Der Vogel erkundet eine mysteriöse alpine Welt, in der antike verfallene Maschinen verstreut sind, dessen Einzelteile wir finden und Geheimnisse erkunden müssen. Neben Bergen, Höhlen und unterschiedlichen Witterungen gibt es auch eine Tierwelt, die über eine verblüffend eigenständige künstliche Intelligenz verfügt, wie Peter Vorlaufer berichtet.
"Wir haben beschlossen: Vögel sind nicht genug für dieses Spiel, wir brauchen auch Bodentiere, mehr Lebendiges in dieser Welt. Ein Bodentier, das sich am Boden entlang bewegt, ist aber um einiges komplexer (zu programmieren, Anmerkung). Dann haben wir gesagt: Gut, es genügt, wenn wir stupide Bodentiere haben, die können dann nur auf einer geraden Ebene von links nach rechts gehen. Wir waren aber auch damit nicht zufrieden. Irgendwann habe ich dann den wahnsinnigen Beschluss gefasst, dass, wenn wir die Tiere behalten wollen, sie sich im ganzen Level frei bewegen können müssen."
Broken Rules
Künstlerische Freiheit, finanzielle Unsicherheit
Trotz des guten internationalen Rufs, einem fortgeschrittenen Bekanntheitsgrad und einer sehr guten Vernetzung mit der unabhängigen Spieleentwicklerszene ist Broken Rules der große Durchbruch bisher verwehrt geblieben. Das ist einigermaßen verblüffend, immerhin ist "And Yet It Moves" auch als Download für die Wii umgesetzt worden, und der allererste Teil der Bergvogel-Saga, das Mehrspieler/innen-Game "Chasing Aurora", war Ende 2012 exklusiver Launch-Titel der Wii U. Weil man aber als vergleichsweiser Neuling im Nintendo-Portfolio wegen des blendenden Glanzes von Mario, Kirby und Co. schnell mal untergeht und der Wii U bislang nur ein höchst mäßiger Erfolg beschert war, hat sich das Wiener Entwicklerteam entschieden, ab sofort wieder auf Windows, Mac und Linux zu fokussieren.

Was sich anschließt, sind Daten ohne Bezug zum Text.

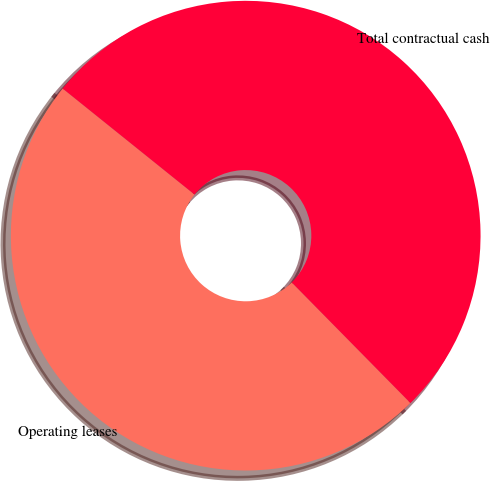Convert chart. <chart><loc_0><loc_0><loc_500><loc_500><pie_chart><fcel>Operating leases<fcel>Total contractual cash<nl><fcel>48.15%<fcel>51.85%<nl></chart> 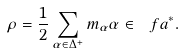Convert formula to latex. <formula><loc_0><loc_0><loc_500><loc_500>\rho = \frac { 1 } { 2 } \sum _ { \alpha \in \Delta ^ { + } } m _ { \alpha } \alpha \in \ f a ^ { * } .</formula>

Für "Secrets of Raetikon" gab es auf Indiegogo kürzlich eine solide erfolgreiche Crowdfunding-Kampagne, die circa 10.000 Euro (circa 13.600 US-Dollar) eingebracht hat - aber leider nicht die erhofften 20.000 Dollar. Ganz dem Klatschpresse-Klischee entsprechend, hat sich das dem Gossip nicht abgeneigte populäre Gaming-News-Portal Kotaku solange nicht für das Spiel, ihre Entwickler und die Funding-Kampagne interessiert - bis es einen kleinen Hacking-Aufreger dazu gab, der sich schlussendlich aber eh in Wohlgefallen aufgelöst hat (der Betrag wurde Broken Rules seitens der Kreditkartenfirma wieder zurück aufs Konto gebucht). Clemens Scott bedankt sich im FM4-Interview im Namen des gesamten Teams vor allem für die vielen aus Österreich stammenden Indiegogo-Backer.
Broken Rules
Mit der Geldspritze von außen und auch dank Fördergelder aus dem Creative Industries-Bereich sind die kommenden Wochen und Monate des sechsköpfigen Studios aber gut gesichert. Darüber hinaus gestaltet die derzeit laufende Frühphase von "Secrets of Raetikon", die international viel Aufmerksamkeit bringt, die finale Entwicklungszeit für die Firma auch abwechslungsreicher als sonst.